Officials follow system for property cleanup

By MEGAN PHILLIPS,

Many Northsiders know how to and can take care of their own property. However, sometimes cities have to address the issue.

For the city of Madison, officials must first identify a need for a property to be cleaned. The zoning ordinance is one of the tools used. Overgrown grass, dilapidated structures and yard debris are generally unacceptable.

Next the building and permits department will either open bids for a private company to complete the work or ask the public works department to take care of the issue.

“It depends on the kind of work it is,” Director of Building and Permits Ken Wilbanks said. “If public works can do it, we’ll try to use them.”

After the work is complete, the city then bills the property owner through a lien on the property. The lien grants the holder, in this case the city of Madison, a specified amount of money upon sale of the property. “If it (the property) goes to foreclosure, the work is billed back against the property. If the owner receives a tax bill, there’s a charge in there, so it gets paid.”

Police officer Chris Henderson was hired last summer as the code enforcement officer. He is able to issue warnings and citations to residents for noncompliance with city ordinances.

Henderson’s first task when he sees a code violation is to send a 30-day courtesy letter, which alerts the resident of the violation and gives him or her 30 days to come into compliance with the maintenance code.

“At the end of 30 days, if (most of the issue) is complete, I give them a one-time extension for another 30 days… It’s at my discretion whether to fight or give them an extension,” Henderson said.

If a resident does not comply within 30 days, he or she will be issued a fine of up to $1,500 per day until action is taken to fix the issue.

“I’m agreeable to work with people… I’m having good success with just that courtesy letter. My goal is to work with people, leave a good taste in their mouth. But, at the end of the day, I’ve still got a job to do.”

The most common violations he sees are rotted wood, faded paint, tarps on roofs and cars in front and side yards.

“If it’s a violation, it’s a violation. I’m willing to give people a fair chance to get it cleaned up — no harm, no foul.”

 

Ridgeland has two avenues officials can use to ensure private property is well-maintained.

“There’s a property maintenance code and a state statute, which affords rights to cities and property owners,” Community Development Director Alan Hart said. “We work really hard in Ridgeland to try to understand what the problem is, why a property becomes overgrown. Just because there’s a violation doesn’t mean a criminal’s on the other side of the door.”

Officials try to coordinate with local churches and Boy Scout troops to help citizens maintain their property and provide necessities for the resident.

“We’ll go through a series of warnings if we can’t get a level of communication. In the case of cleaning private property, state statute 21-19-11 sets forth very specific notice requirements and limitations of things a municipality can do.”

The most common violation Ridgeland deals with is an overgrown yard at a foreclosed home, Hart said.

“We’ll give a 14-day notice period and then appear before the mayor and board.”

Like Madison, Ridgeland public works crews are used for minor offenses and contracted labor for larger projects.

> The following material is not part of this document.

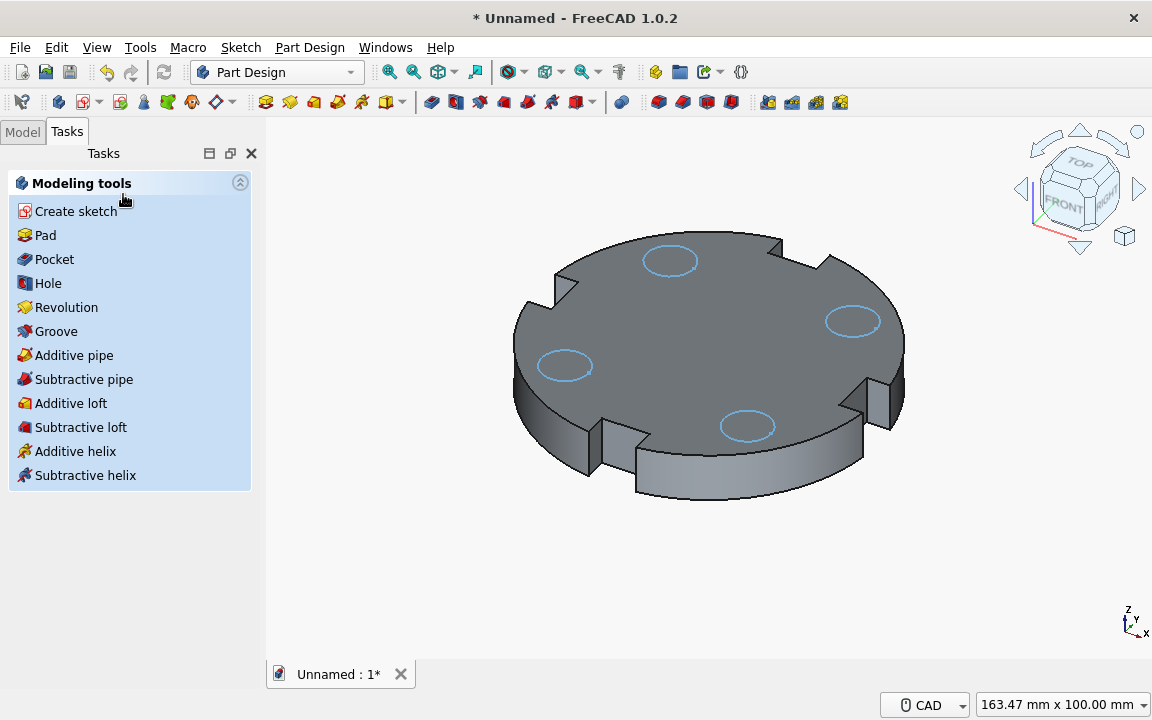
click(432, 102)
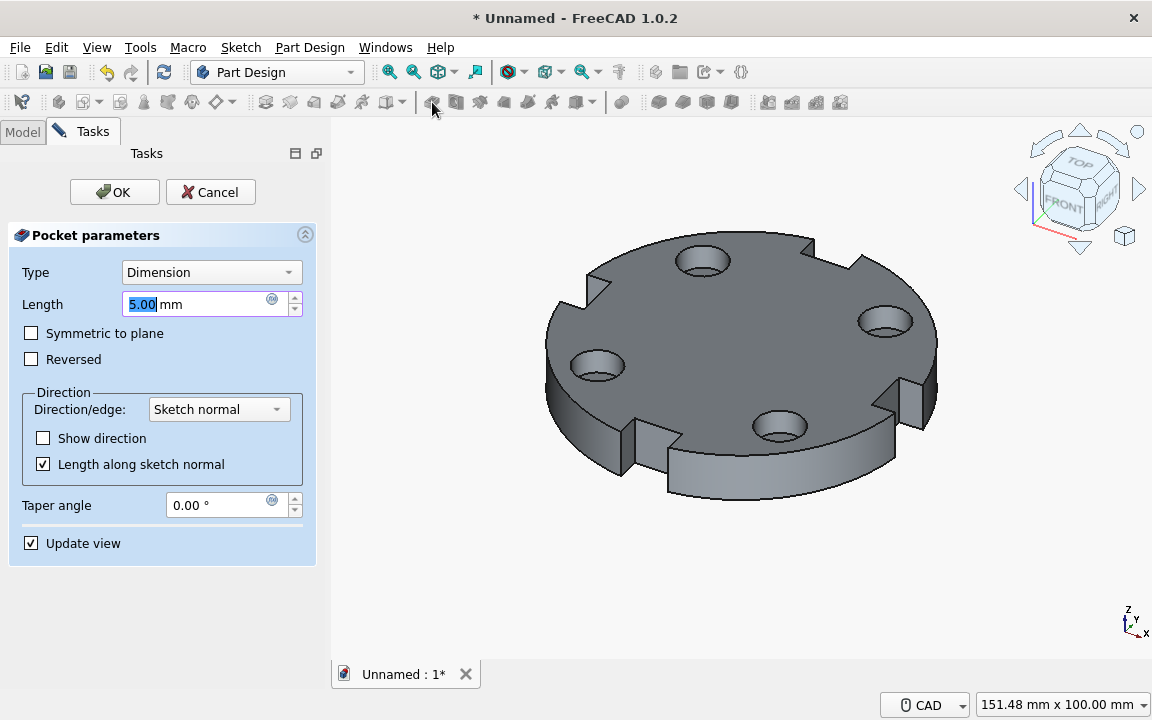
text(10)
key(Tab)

 After the work is complete, the owner is assessed the costs. The Madison County tax collector’s office is charged with recouping the money. “It goes on the tax bill if it’s not paid… There’s also an auction opportunity, where somebody can buy the property for ad valorem taxes,” Hart said.

The entire process can take months. “The system is designed to ensure that there is a due process in place for the property owner,” he said. “That’s very important. The second is to ensure the city or municipality will be reimbursed for expenses to enter private property, to maintain it for benefit of the public — it isn’t for the benefit of one property owner.”

 

The reservoir, like Madison and Ridgeland, has a standard system of cleaning up leased property.

“We have adopted the international maintenance code,” Pearl River Water Supply District General Manager John Sigman said. “Rankin County, Madison, Ridgeland, pretty much all cities and districts have adopted the code. When we see something that isn’t compliant or receive a complaint, we send our code enforcement guys out there, and they will make an assessment if they find noncompliance.”

The enforcement officer will try to communicate with the resident, asking them to take care of the issue at hand.

“We give them a couple of weeks to make the correction themselves. After that, if there isn’t any improvement, we go back by and tell them the next thing they’ll get is an affidavit from the justice court.”

After reservoir officials file the affidavit, the justice court is in charge of calling on the resident and PRV officials to testify.

“Usually, the court will impose a fine, but that’s up to the court. The PRV doesn’t leverage the fine, and they can run at several hundred dollars. They vary.”

Along with the fine, the justice court will give the resident an order to clean up the property, as originally requested.

“If they don’t follow through, we do it again,” Sigman said. “Eventually, the property owner or jurisdiction can appeal to the chancery court, but it usually doesn’t get there. The court can do anything — declare the lease to have been defaulted or impose higher levels of fines and things like that.”